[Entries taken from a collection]

**********

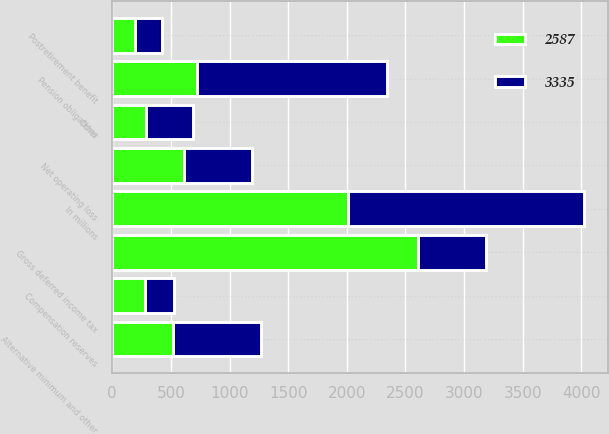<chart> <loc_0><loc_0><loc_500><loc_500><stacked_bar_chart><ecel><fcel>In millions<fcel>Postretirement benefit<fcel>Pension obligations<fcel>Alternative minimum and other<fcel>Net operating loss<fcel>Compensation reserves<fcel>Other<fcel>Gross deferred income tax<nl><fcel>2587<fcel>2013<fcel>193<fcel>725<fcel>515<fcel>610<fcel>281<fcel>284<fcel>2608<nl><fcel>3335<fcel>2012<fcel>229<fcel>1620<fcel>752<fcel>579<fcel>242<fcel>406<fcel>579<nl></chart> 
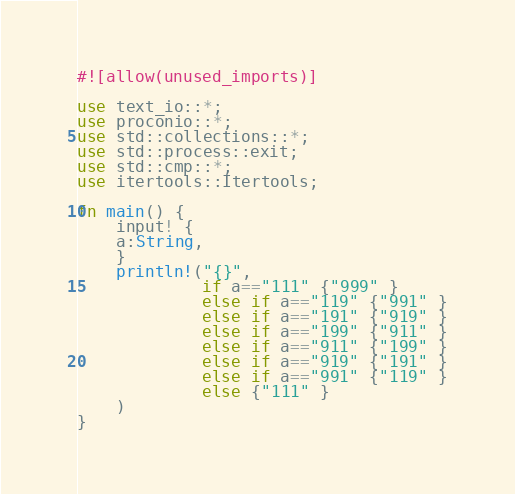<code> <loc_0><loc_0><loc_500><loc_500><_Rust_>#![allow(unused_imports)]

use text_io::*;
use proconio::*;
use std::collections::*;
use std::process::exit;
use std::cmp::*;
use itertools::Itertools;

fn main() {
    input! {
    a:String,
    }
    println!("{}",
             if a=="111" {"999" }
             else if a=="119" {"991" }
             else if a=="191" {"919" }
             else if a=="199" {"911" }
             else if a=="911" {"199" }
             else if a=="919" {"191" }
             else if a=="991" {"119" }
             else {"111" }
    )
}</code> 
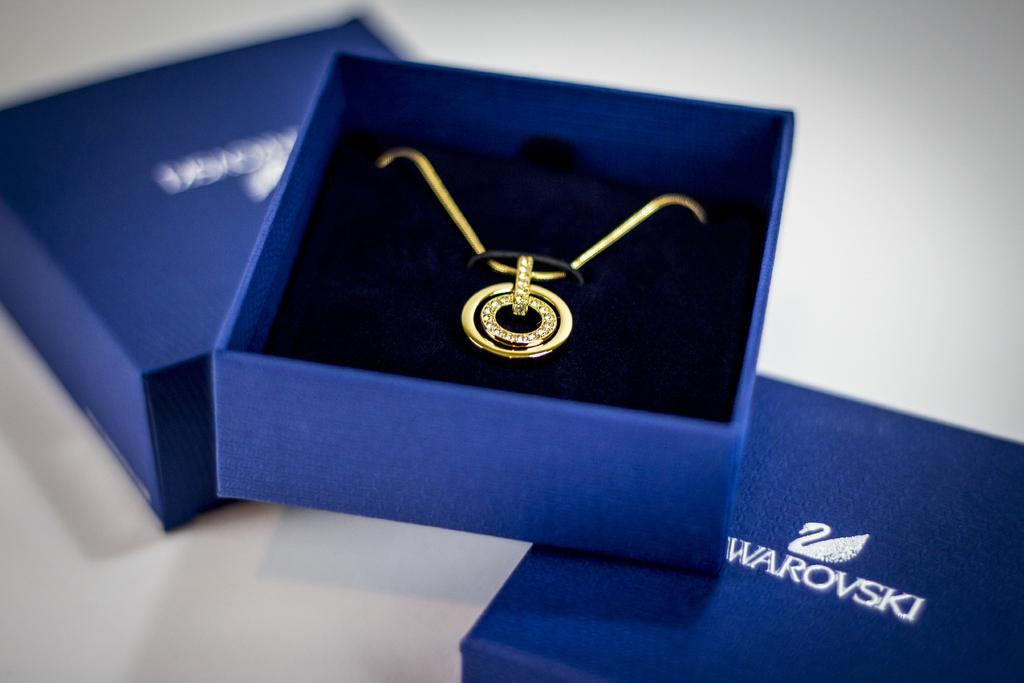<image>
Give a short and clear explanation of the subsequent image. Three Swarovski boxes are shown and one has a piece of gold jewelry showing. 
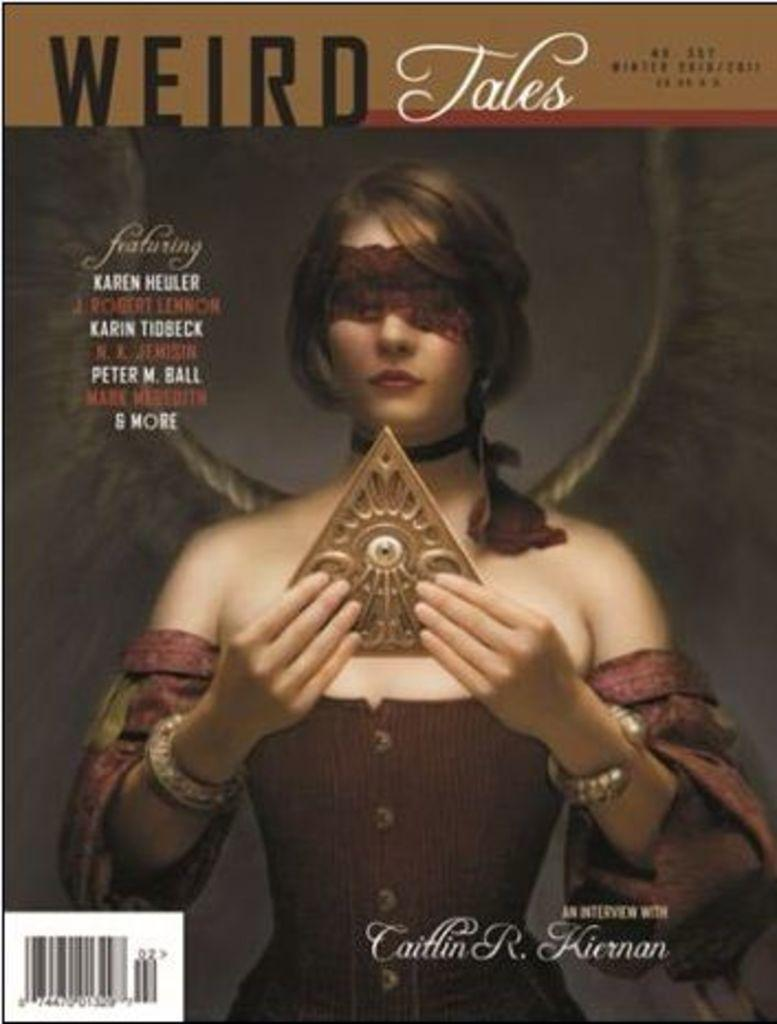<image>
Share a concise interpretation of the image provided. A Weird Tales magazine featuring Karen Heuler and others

**********

● **What the task requires**:
Above are the records; copy each line from them that includes the string "else".

● **Written response**:
             else if a=="119" {"991" }
             else if a=="191" {"919" }
             else if a=="199" {"911" }
             else if a=="911" {"199" }
             else if a=="919" {"191" }
             else if a=="991" {"119" }
             else {"111" }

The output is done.